YOUR INSTRUCTIONS:
Each line below is to be copied exactly; images do not go into the copy.

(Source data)

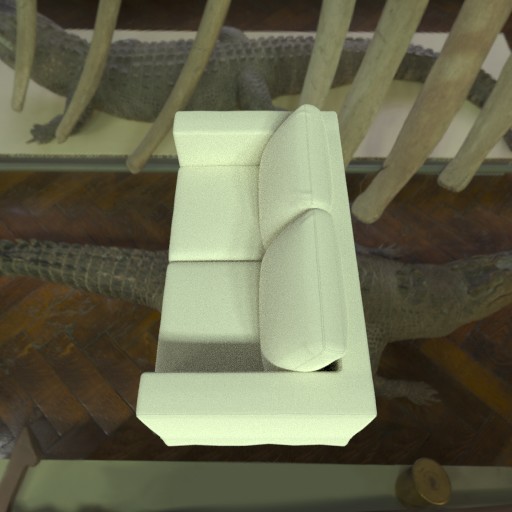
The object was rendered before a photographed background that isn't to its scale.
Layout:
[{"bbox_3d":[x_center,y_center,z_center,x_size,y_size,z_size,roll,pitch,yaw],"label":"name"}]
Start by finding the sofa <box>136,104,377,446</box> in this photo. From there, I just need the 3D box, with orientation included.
[{"bbox_3d":[0.000,0.000,2.433,1.009,0.932,1.813,0,59,0],"label":"sofa"}]
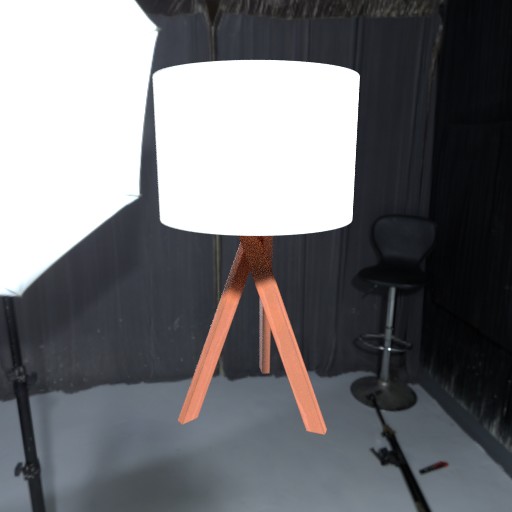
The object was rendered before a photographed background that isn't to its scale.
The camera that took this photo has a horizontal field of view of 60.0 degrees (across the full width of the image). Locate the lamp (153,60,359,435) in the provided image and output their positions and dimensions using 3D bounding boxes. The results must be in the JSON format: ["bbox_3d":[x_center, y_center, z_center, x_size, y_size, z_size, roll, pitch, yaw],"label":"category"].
[{"bbox_3d":[0.000,0.000,0.917,0.380,0.686,0.380,-2,14,-8],"label":"lamp"}]
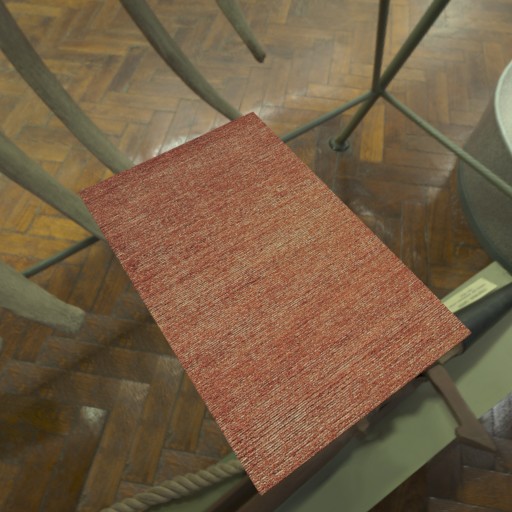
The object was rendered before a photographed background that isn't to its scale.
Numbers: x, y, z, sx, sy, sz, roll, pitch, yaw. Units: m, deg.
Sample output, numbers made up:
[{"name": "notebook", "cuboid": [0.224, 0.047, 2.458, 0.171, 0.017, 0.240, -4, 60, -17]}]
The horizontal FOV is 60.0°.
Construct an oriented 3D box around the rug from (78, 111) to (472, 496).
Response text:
[{"name": "rug", "cuboid": [0.000, 0.000, 2.181, 1.139, 0.011, 1.747, -30, 63, -17]}]
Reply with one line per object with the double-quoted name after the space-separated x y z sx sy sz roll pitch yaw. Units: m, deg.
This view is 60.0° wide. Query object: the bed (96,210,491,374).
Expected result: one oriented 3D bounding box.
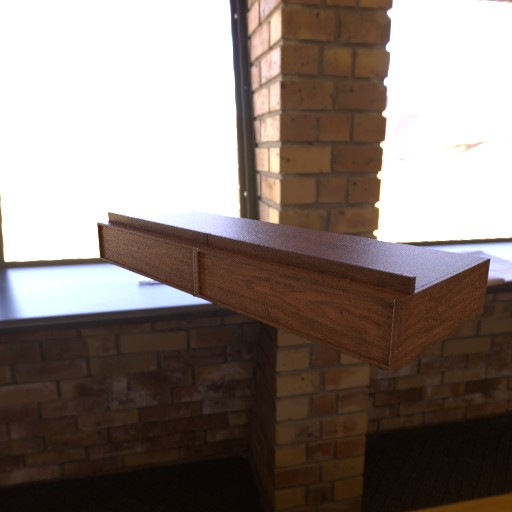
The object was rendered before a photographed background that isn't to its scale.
0.000 0.000 2.348 0.787 0.326 2.057 -13 19 -43 "bed"
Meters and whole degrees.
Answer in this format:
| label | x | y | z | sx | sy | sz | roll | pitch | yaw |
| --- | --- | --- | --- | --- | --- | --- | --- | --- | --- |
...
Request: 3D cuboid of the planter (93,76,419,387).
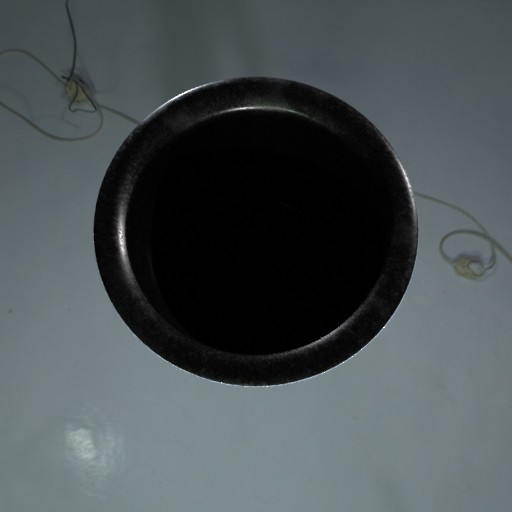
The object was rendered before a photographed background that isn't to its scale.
| label | x | y | z | sx | sy | sz | roll | pitch | yaw |
| --- | --- | --- | --- | --- | --- | --- | --- | --- | --- |
| planter | 0.000 | 0.000 | 0.287 | 0.160 | 0.156 | 0.160 | 0 | 76 | 0 |
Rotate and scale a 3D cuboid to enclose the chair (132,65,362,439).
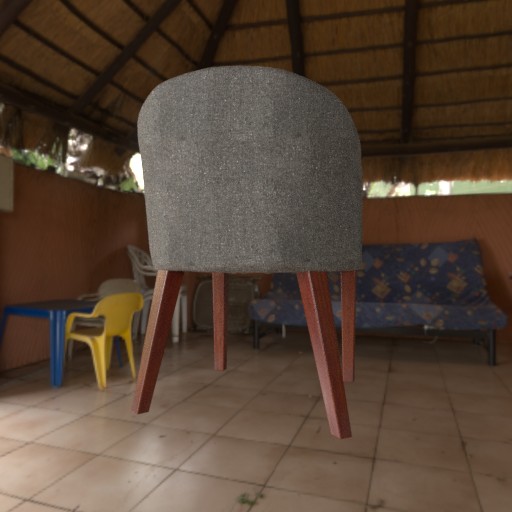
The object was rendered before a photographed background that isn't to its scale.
[{"bbox_3d":[0.000,0.000,1.243,0.583,0.811,0.655,0,0,18],"label":"chair"}]
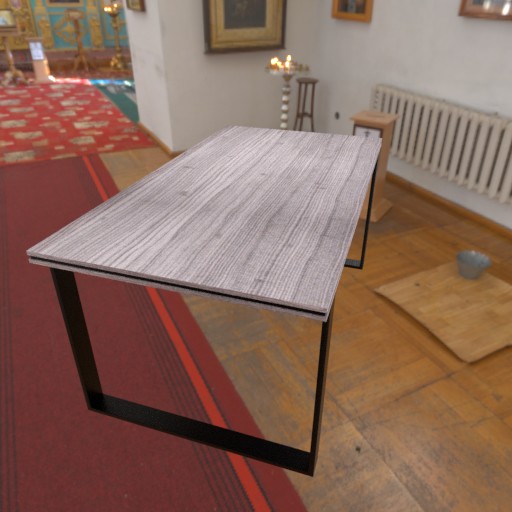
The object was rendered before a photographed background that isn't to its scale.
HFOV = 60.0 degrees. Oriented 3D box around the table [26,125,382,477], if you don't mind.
[{"bbox_3d":[0.000,0.000,1.998,0.881,0.736,1.579,9,31,16],"label":"table"}]
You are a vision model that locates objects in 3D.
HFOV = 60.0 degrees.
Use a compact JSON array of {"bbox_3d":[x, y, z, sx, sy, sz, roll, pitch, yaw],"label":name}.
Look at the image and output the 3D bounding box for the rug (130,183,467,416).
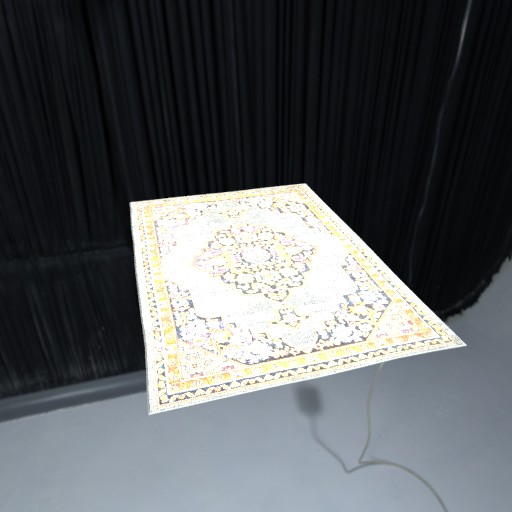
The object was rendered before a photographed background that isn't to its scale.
[{"bbox_3d":[0.000,0.000,3.845,2.043,0.026,2.901,-8,32,-13],"label":"rug"}]
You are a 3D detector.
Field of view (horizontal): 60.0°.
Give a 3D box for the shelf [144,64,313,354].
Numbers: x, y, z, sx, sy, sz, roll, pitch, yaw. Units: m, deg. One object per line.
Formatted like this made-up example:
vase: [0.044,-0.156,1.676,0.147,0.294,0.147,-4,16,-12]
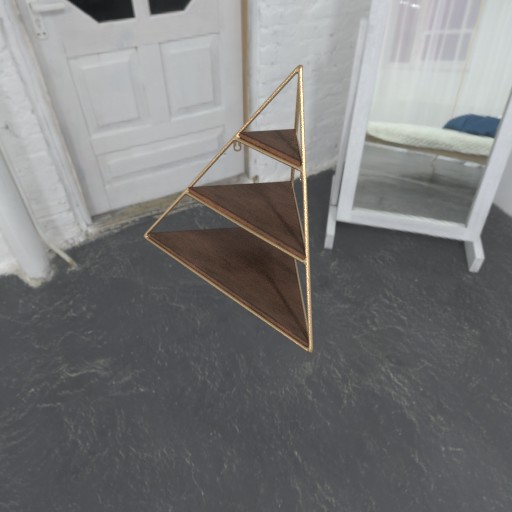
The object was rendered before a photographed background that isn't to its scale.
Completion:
shelf: [0.000,0.000,1.168,0.564,0.913,0.294,32,54,26]
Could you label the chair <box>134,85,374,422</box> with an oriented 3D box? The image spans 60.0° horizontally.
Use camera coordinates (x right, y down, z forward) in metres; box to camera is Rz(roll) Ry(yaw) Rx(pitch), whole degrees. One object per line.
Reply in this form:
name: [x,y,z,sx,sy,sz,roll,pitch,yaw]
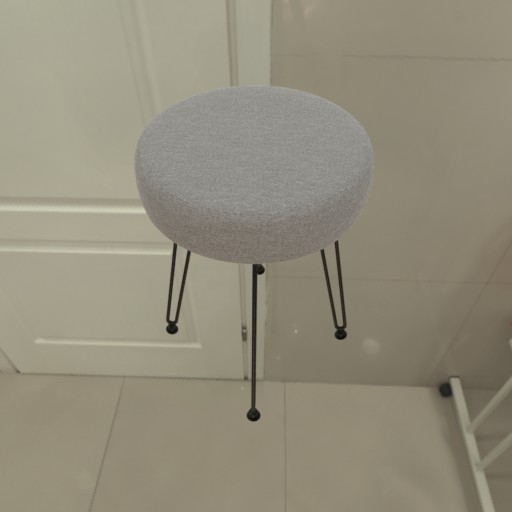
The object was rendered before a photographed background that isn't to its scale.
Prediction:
chair: [0.000,0.000,0.698,0.350,0.440,0.350,2,47,1]
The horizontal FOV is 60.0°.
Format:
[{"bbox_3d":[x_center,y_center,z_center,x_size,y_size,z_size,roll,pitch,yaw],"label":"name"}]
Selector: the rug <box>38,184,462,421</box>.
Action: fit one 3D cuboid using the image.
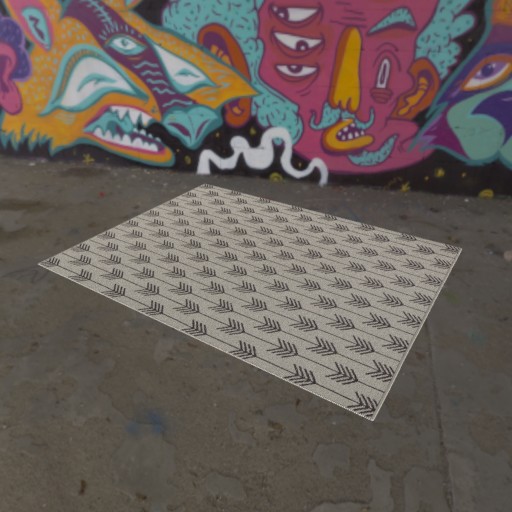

RESULT OF THIS EXERCISE:
The object was rendered before a photographed background that isn't to its scale.
Layout:
[{"bbox_3d":[x_center,y_center,z_center,x_size,y_size,z_size,roll,pitch,yaw],"label":"name"}]
Start by finding the sofa <box>136,104,377,446</box> in this photo. From there, I just need the 3D box, with orientation included.
[{"bbox_3d":[0.000,0.000,2.433,1.009,0.932,1.813,0,59,0],"label":"sofa"}]
The object was rendered before a photographed background that isn't to its scale.
The camera that took this photo has a horizontal field of view of 60.0 degrees (across the full width of the image). Locate the lamp (153,60,359,435) in the provided image and output their positions and dimensions using 3D bounding boxes. The results must be in the JSON format: ["bbox_3d":[x_center, y_center, z_center, x_size, y_size, z_size, roll, pitch, yaw],"label":"category"].
[{"bbox_3d":[0.000,0.000,0.917,0.380,0.686,0.380,-2,14,-8],"label":"lamp"}]
The object was rendered before a photographed background that isn't to its scale.
Numbers: x, y, z, sx, sy, sz, roll, pitch, yaw. Units: m, deg.
Sample output, numbers made up:
[{"name": "notebook", "cuboid": [0.224, 0.047, 2.458, 0.171, 0.017, 0.240, -4, 60, -17]}]
The horizontal FOV is 60.0°.
Construct an oriented 3D box around the rug from (78, 111) to (472, 496).
Response text:
[{"name": "rug", "cuboid": [0.000, 0.000, 2.181, 1.139, 0.011, 1.747, -30, 63, -17]}]
Reply with one line per object with the double-quoted name after the space-separated x y z sx sy sz roll pitch yaw. Units: m, deg.
This view is 60.0° wide. Query object: the bed (96,210,491,374).
Expected result: one oriented 3D bounding box.
The object was rendered before a photographed background that isn't to its scale.
0.000 0.000 2.348 0.787 0.326 2.057 -13 19 -43 "bed"
Meters and whole degrees.
Answer in this format:
| label | x | y | z | sx | sy | sz | roll | pitch | yaw |
| --- | --- | --- | --- | --- | --- | --- | --- | --- | --- |
...
Request: 3D cuboid of the planter (93,76,419,387).
The object was rendered before a photographed background that isn't to its scale.
| label | x | y | z | sx | sy | sz | roll | pitch | yaw |
| --- | --- | --- | --- | --- | --- | --- | --- | --- | --- |
| planter | 0.000 | 0.000 | 0.287 | 0.160 | 0.156 | 0.160 | 0 | 76 | 0 |
Rotate and scale a 3D cuboid to enclose the chair (132,65,362,439).
The object was rendered before a photographed background that isn't to its scale.
[{"bbox_3d":[0.000,0.000,1.243,0.583,0.811,0.655,0,0,18],"label":"chair"}]
The object was rendered before a photographed background that isn't to its scale.
HFOV = 60.0 degrees. Oriented 3D box around the table [26,125,382,477], if you don't mind.
[{"bbox_3d":[0.000,0.000,1.998,0.881,0.736,1.579,9,31,16],"label":"table"}]
You are a vision model that locates objects in 3D.
HFOV = 60.0 degrees.
Use a compact JSON array of {"bbox_3d":[x, y, z, sx, sy, sz, roll, pitch, yaw],"label":name}.
Look at the image and output the 3D bounding box for the rug (130,183,467,416).
The object was rendered before a photographed background that isn't to its scale.
[{"bbox_3d":[0.000,0.000,3.845,2.043,0.026,2.901,-8,32,-13],"label":"rug"}]
You are a 3D detector.
Field of view (horizontal): 60.0°.
Give a 3D box for the shelf [144,64,313,354].
Numbers: x, y, z, sx, sy, sz, roll, pitch, yaw. Units: m, deg. One object per line.
Formatted like this made-up example:
vase: [0.044,-0.156,1.676,0.147,0.294,0.147,-4,16,-12]
The object was rendered before a photographed background that isn't to its scale.
Completion:
shelf: [0.000,0.000,1.168,0.564,0.913,0.294,32,54,26]
Could you label the chair <box>134,85,374,422</box> with an oriented 3D box? The image spans 60.0° horizontally.
Use camera coordinates (x right, y down, z forward) in metres; box to camera is Rz(roll) Ry(yaw) Rx(pitch), whole degrees. One object per line.
Reply in this form:
name: [x,y,z,sx,sy,sz,roll,pitch,yaw]
The object was rendered before a photographed background that isn't to its scale.
Prediction:
chair: [0.000,0.000,0.698,0.350,0.440,0.350,2,47,1]
The horizontal FOV is 60.0°.
Format:
[{"bbox_3d":[x_center,y_center,z_center,x_size,y_size,z_size,roll,pitch,yaw],"label":"name"}]
Selector: the rug <box>38,184,462,421</box>.
Action: fit one 3D cuboid using the image.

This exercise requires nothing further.